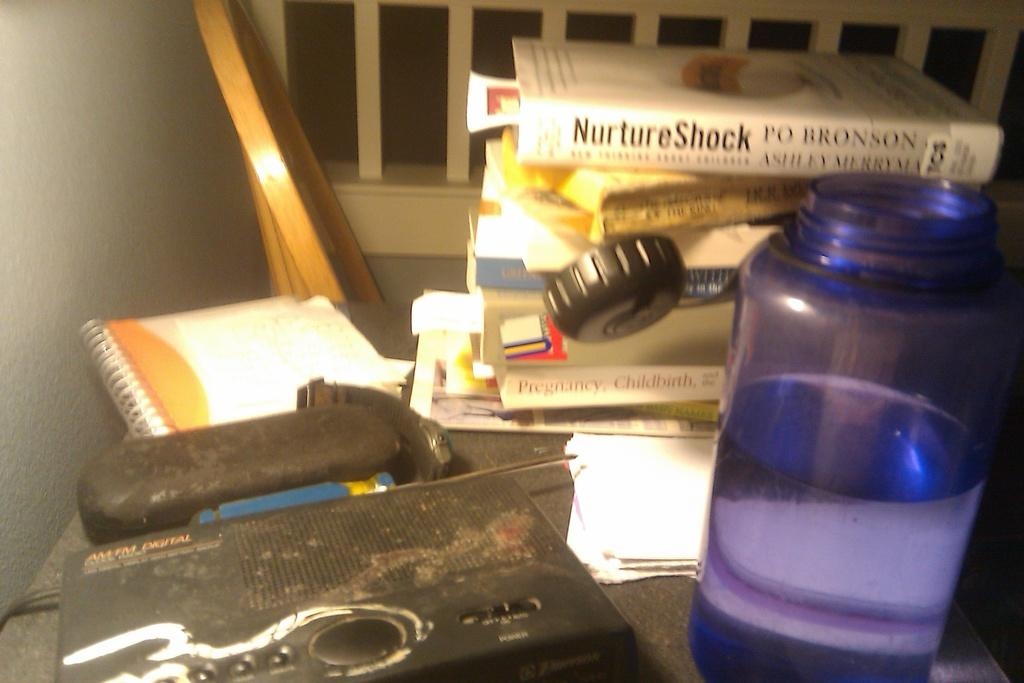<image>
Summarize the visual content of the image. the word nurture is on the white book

•••

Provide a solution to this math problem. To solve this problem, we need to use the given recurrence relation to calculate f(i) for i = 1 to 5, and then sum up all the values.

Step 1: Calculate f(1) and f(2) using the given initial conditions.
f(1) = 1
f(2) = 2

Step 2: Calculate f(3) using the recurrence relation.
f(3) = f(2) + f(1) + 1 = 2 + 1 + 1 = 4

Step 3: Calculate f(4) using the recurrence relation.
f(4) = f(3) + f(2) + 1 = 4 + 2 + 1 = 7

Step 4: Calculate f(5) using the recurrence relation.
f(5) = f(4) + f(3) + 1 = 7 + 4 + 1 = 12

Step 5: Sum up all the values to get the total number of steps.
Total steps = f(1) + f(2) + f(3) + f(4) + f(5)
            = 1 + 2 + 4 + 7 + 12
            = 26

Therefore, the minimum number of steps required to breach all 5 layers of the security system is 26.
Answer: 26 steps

•••

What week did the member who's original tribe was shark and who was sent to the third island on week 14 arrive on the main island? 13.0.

•••

__EXERCISE AIM__
The result is a copy of every line above where the word "number" shows up.

__EXERCISE ANSWER__
Step 5: Sum up all the values to get the total number of steps.
Therefore, the minimum number of steps required to breach all 5 layers of the security system is 26.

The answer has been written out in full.